Этот случай стал постепенно забываться, и Роберт придумал новую забаву: пригласил меня «на охоту». Он показал мне стайку воробьев, которые весело щебетали на тутовом дереве у нас во дворе, и добавил:
– Ты стой под деревом, я убью воробья, а ты его быстро подбери. – Он насадил горлышко разбитой бутылки на палку и бросил ее в воробьев. Бросил и попал… в меня, да так точно, прямо в переносицу. Если бы чуть левее или правее, я остался бы одноглазым. Было много крови и шума. Брат от горя хотел утопиться в бочке с водой, но соседи оттащили его. Лечили меня долго, вылечили, конечно, но шрам от той «воробьиной охоты» остался у меня навсегда. Странно, но, когда я сильно скучаю по Роберту, которого любил безумно, невольно потираю этот шрам, и мне становится легче. Мы за все годы нашей уже долгой жизни ни разу не поссорились, не обидели друг друга.

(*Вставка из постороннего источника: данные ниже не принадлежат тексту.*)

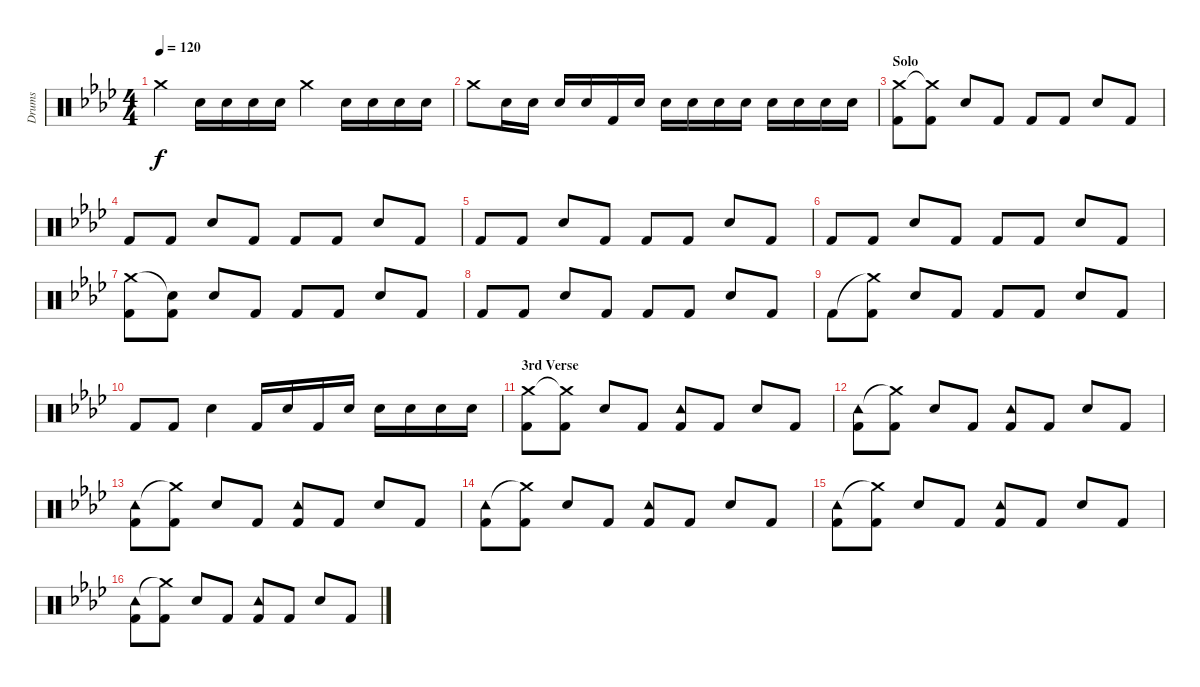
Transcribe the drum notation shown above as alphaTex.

\track ("Drums" "Drums") {instrument percussion}
\staff {score}
\articulation defaults
\ts (4 4)
\tempo 120
\clef neutral
\ks ab "Crash medium (hit)".4{dy f} "Electric Snare (hit)".16 "Electric Snare (hit)".16 "Electric Snare (hit)".16 "Electric Snare (hit)".16 "Crash medium (hit)".4 "Electric Snare (hit)".16 "Electric Snare (hit)".16 "Electric Snare (hit)".16 "Electric Snare (hit)".16
|
"Crash medium (hit)".8 "Electric Snare (hit)".16 "Electric Snare (hit)".16 "Electric Snare (hit)".16 "Electric Snare (hit)".16 "Kick (hit) 2".16 "Electric Snare (hit)".16 "Electric Snare (hit)".16 "Electric Snare (hit)".16 "Electric Snare (hit)".16 "Electric Snare (hit)".16 "Electric Snare (hit)".16 "Electric Snare (hit)".16 "Electric Snare (hit)".16 "Electric Snare (hit)".16 |
\section ("" "Solo")
("Crash medium (hit)" "Kick (hit) 2").8 ("Crash medium (hit)"{t} "Kick (hit) 2").8 "Snare (hit) 2".8 "Kick (hit) 2".8 "Kick (hit) 2".8 "Kick (hit) 2".8 "Snare (hit) 2".8 "Kick (hit) 2".8 |
"Kick (hit) 2".8 "Kick (hit) 2".8 "Snare (hit) 2".8 "Kick (hit) 2".8 "Kick (hit) 2".8 "Kick (hit) 2".8 "Snare (hit) 2".8 "Kick (hit) 2".8 |
"Kick (hit) 2".8 "Kick (hit) 2".8 "Snare (hit) 2".8 "Kick (hit) 2".8 "Kick (hit) 2".8 "Kick (hit) 2".8 "Snare (hit) 2".8 "Kick (hit) 2".8 |
"Kick (hit) 2".8 "Kick (hit) 2".8 "Snare (hit) 2".8 "Kick (hit) 2".8 "Kick (hit) 2".8 "Kick (hit) 2".8 "Snare (hit) 2".8 "Kick (hit) 2".8 |
("Crash medium (hit)" "Kick (hit) 2").8 ("Snare (hit)"{t} "Kick (hit) 2").8 "Snare (hit) 2".8 "Kick (hit) 2".8 "Kick (hit) 2".8 "Kick (hit) 2".8 "Snare (hit) 2".8 "Kick (hit) 2".8 |
"Kick (hit) 2".8 "Kick (hit) 2".8 "Snare (hit) 2".8 "Kick (hit) 2".8 "Kick (hit) 2".8 "Kick (hit) 2".8 "Snare (hit) 2".8 "Kick (hit) 2".8 |
"Kick (hit) 2".8 ("Crash medium (hit)"{t} "Kick (hit) 2").8 "Snare (hit) 2".8 "Kick (hit) 2".8 "Kick (hit) 2".8 "Kick (hit) 2".8 "Snare (hit) 2".8 "Kick (hit) 2".8 |
"Kick (hit) 2".8 "Kick (hit) 2".8 "Snare (hit) 2".4 "Kick (hit) 2".16 "Electric Snare (hit)".16 "Kick (hit) 2".16 "Electric Snare (hit)".16 "Electric Snare (hit)".16 "Electric Snare (hit)".16 "Electric Snare (hit)".16 "Electric Snare (hit)".16 |
\section ("" "3rd Verse")
("Crash medium (hit)" "Kick (hit) 2").8 ("Crash medium (hit)"{t} "Kick (hit) 2").8 "Snare (hit) 2".8 "Kick (hit) 2".8 ("Tambourine (hit)" "Kick (hit) 2").8 "Kick (hit) 2".8 "Snare (hit) 2".8 "Kick (hit) 2".8 |
("Tambourine (hit)" "Kick (hit) 2").8 ("Crash medium (hit)"{t} "Kick (hit) 2").8 "Snare (hit) 2".8 "Kick (hit) 2".8 ("Tambourine (hit)" "Kick (hit) 2").8 "Kick (hit) 2".8 "Snare (hit) 2".8 "Kick (hit) 2".8 |
("Tambourine (hit)" "Kick (hit) 2").8 ("Crash medium (hit)"{t} "Kick (hit) 2").8 "Snare (hit) 2".8 "Kick (hit) 2".8 ("Tambourine (hit)" "Kick (hit) 2").8 "Kick (hit) 2".8 "Snare (hit) 2".8 "Kick (hit) 2".8 |
("Tambourine (hit)" "Kick (hit) 2").8 ("Crash medium (hit)"{t} "Kick (hit) 2").8 "Snare (hit) 2".8 "Kick (hit) 2".8 ("Tambourine (hit)" "Kick (hit) 2").8 "Kick (hit) 2".8 "Snare (hit) 2".8 "Kick (hit) 2".8 |
("Tambourine (hit)" "Kick (hit) 2").8 ("Crash medium (hit)"{t} "Kick (hit) 2").8 "Snare (hit) 2".8 "Kick (hit) 2".8 ("Tambourine (hit)" "Kick (hit) 2").8 "Kick (hit) 2".8 "Snare (hit) 2".8 "Kick (hit) 2".8 |
("Tambourine (hit)" "Kick (hit) 2").8 ("Crash medium (hit)"{t} "Kick (hit) 2").8 "Snare (hit) 2".8 "Kick (hit) 2".8 ("Tambourine (hit)" "Kick (hit) 2").8 "Kick (hit) 2".8 "Snare (hit) 2".8 "Kick (hit) 2".8

Талант и знания Роберта удивляли не только меня, но и родителей и педагогов. Даже его политическое чутье удивляло всех с самого детства. Приведу такой случай: когда брату было 12 лет, ему поручили написать стихотворение к 7 ноября 1940 года. Стихи, которые он прочитал на празднике, поразили всех. Они начинались так (мой перевод):
Говорят, принесет войну
Будущий сорок первый год.
Но народ не испугался,
Не сломался народ. И т. д.
Эти стихи позже, уже после начала войны, были опубликованы в местной газете. Они поражали точностью предвидения, как будто автор заглянул на несколько лет вперед. Естественно, как и полагалось в то время, стихи заканчивались словами «Где Сталин, там победа». Иначе вряд ли разрешили бы читать их публично.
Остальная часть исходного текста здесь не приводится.